If you want just a plain Cartesian product of lists from one array with lists from another array, that's ak.cartesian. The four collections muons_plus
, muons_minus
, electrons_plus
, electrons_minus
are non-overlapping and we want each four-lepton group to have exactly one from each, so that's a plain Cartesian product.
mu1, mu2, e1, e2 = ak.unzip(ak.cartesian([muons_plus, muons_minus, electrons_plus, electrons_minus]))
plt.hist(ak.flatten((mu1 + mu2 + e1 + e2).mass), bins=100, range=(0, 200));
Separating particles by flavor (electron vs muon) but not by charge is an artifact of the typing constraints imposed by C++. Electrons are measured in different ways from muons, so they have different attributes in the dataset. In a statically typed language like C++, we couldn't put them in the same collection because they differ by type (have different attributes). But charges only differ by value (an integer), so there was no reason they had to be in different collections.

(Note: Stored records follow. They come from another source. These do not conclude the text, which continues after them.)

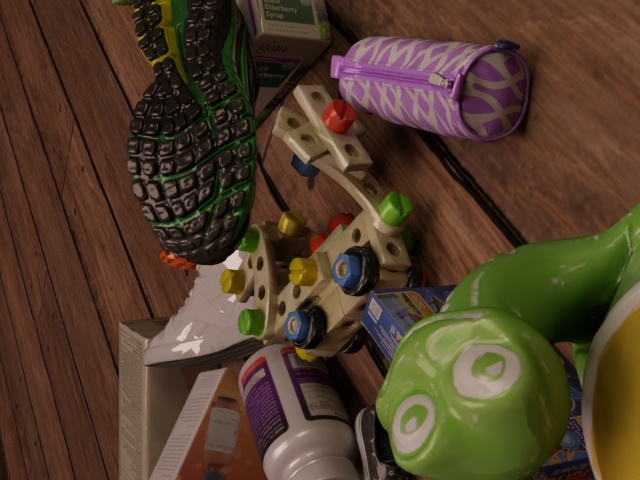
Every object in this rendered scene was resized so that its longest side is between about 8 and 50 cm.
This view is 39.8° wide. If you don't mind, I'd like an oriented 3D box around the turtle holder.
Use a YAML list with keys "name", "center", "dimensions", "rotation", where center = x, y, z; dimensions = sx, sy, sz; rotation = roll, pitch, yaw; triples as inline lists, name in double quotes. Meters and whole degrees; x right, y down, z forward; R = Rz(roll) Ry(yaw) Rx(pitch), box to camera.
- name: "turtle holder"
  center: [0.214, 0.067, 0.353]
  dimensions: [0.243, 0.320, 0.227]
  rotation: [-47, 14, 32]

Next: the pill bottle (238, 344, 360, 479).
- name: "pill bottle"
  center: [-0.020, 0.213, 0.986]
  dimensions: [0.193, 0.108, 0.108]
  rotation: [-115, 36, -49]

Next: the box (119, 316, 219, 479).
- name: "box"
  center: [-0.241, 0.286, 1.391]
  dimensions: [0.148, 0.121, 0.311]
  rotation: [15, 105, 59]

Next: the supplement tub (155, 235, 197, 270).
- name: "supplement tub"
  center: [-0.174, -0.061, 1.252]
  dimensions: [0.117, 0.117, 0.190]
  rotation: [39, 125, 53]

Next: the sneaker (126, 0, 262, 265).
- name: "sneaker"
  center: [-0.109, -0.135, 0.928]
  dimensions: [0.134, 0.146, 0.343]
  rotation: [-10, 68, 19]

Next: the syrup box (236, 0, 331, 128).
- name: "syrup box"
  center: [-0.086, -0.232, 1.106]
  dimensions: [0.237, 0.093, 0.096]
  rotation: [-35, 61, 56]

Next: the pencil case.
- name: "pencil case"
  center: [0.096, -0.140, 0.798]
  dimensions: [0.206, 0.088, 0.086]
  rotation: [24, 114, 59]

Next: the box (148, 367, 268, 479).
- name: "box"
  center: [-0.116, 0.264, 1.092]
  dimensions: [0.091, 0.130, 0.170]
  rotation: [-22, 40, 59]

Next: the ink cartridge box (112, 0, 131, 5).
- name: "ink cartridge box"
  center: [-0.188, -0.450, 1.242]
  dimensions: [0.353, 0.119, 0.207]
  rotation: [13, 102, 60]

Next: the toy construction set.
- name: "toy construction set"
  center: [0.000, 0.000, 0.935]
  dimensions: [0.327, 0.151, 0.215]
  rotation: [114, 148, -49]

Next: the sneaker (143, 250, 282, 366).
- name: "sneaker"
  center: [-0.146, 0.078, 1.213]
  dimensions: [0.293, 0.108, 0.169]
  rotation: [-22, 70, 41]

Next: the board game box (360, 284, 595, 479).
- name: "board game box"
  center: [0.137, 0.109, 0.696]
  dimensions: [0.201, 0.136, 0.035]
  rotation: [55, 136, 45]

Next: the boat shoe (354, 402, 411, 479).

But now, the only thing distinguishing a type is (a) what attributes the objects have and (b) what objects with that set of attributes are named. Here, I named them "Momentum4D"
because that allowed Vector to recognize them as Lorentz vectors and give them Lorentz vector methods. But they could have had other attributes (e.g. e_over_p
for electrons, but not for muons). charge
is a non-Momentum4D attribute.
So if we're going to the trouble to put different-flavor leptons in different arrays, why not put different-charge leptons in different arrays, too? Physically, flavor and charge are both particle properties at the same level of distinction, so we probably want to do the analysis that way. No reason to let a C++ type distinction get in the way of the analysis logic!
Also, you probably want
nevents = infile["Events"].num_entries
to get the number of entries from a TTree without reading the array data from it.